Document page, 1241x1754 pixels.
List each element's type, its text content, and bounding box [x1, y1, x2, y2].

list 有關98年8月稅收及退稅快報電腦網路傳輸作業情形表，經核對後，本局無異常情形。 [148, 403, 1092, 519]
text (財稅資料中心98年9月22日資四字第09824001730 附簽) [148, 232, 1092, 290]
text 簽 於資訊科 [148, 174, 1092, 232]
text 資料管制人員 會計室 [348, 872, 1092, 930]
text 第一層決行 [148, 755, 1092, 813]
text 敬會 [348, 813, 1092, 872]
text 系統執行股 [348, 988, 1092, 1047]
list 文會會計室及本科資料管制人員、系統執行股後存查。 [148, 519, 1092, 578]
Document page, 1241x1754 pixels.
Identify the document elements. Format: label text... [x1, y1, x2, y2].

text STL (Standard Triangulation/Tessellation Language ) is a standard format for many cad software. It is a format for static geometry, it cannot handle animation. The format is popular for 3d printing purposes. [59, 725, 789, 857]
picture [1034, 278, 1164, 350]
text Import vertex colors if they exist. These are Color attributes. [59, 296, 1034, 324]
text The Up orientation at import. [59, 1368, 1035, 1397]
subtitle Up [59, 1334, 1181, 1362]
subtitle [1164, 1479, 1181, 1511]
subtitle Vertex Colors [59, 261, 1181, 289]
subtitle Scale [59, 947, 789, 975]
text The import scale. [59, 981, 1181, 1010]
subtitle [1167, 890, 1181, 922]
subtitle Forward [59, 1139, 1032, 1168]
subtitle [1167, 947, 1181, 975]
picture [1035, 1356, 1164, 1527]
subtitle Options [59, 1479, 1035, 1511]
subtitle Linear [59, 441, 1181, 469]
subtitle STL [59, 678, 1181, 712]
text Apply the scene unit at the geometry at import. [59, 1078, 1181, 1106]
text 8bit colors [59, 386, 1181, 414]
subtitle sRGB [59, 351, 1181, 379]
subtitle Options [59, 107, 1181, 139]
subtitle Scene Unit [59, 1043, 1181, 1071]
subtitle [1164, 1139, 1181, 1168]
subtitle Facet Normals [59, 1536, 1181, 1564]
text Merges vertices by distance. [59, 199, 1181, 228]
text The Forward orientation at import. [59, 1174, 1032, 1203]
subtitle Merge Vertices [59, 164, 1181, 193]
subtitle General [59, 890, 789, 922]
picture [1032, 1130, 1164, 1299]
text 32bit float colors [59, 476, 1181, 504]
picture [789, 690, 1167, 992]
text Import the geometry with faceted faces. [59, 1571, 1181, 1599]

### WORK INSTRUCTIONS
Beginning with the line containing "subtitle sRGB [59, 351, 1181, 379]" and ending with the line containing "text The Forward", extract those lines exactly from the listing above, and only those.

### YOUR SOLUTION
subtitle sRGB [59, 351, 1181, 379]
subtitle Options [59, 107, 1181, 139]
subtitle Scene Unit [59, 1043, 1181, 1071]
subtitle [1164, 1139, 1181, 1168]
subtitle Facet Normals [59, 1536, 1181, 1564]
text Merges vertices by distance. [59, 199, 1181, 228]
text The Forward orientation at import. [59, 1174, 1032, 1203]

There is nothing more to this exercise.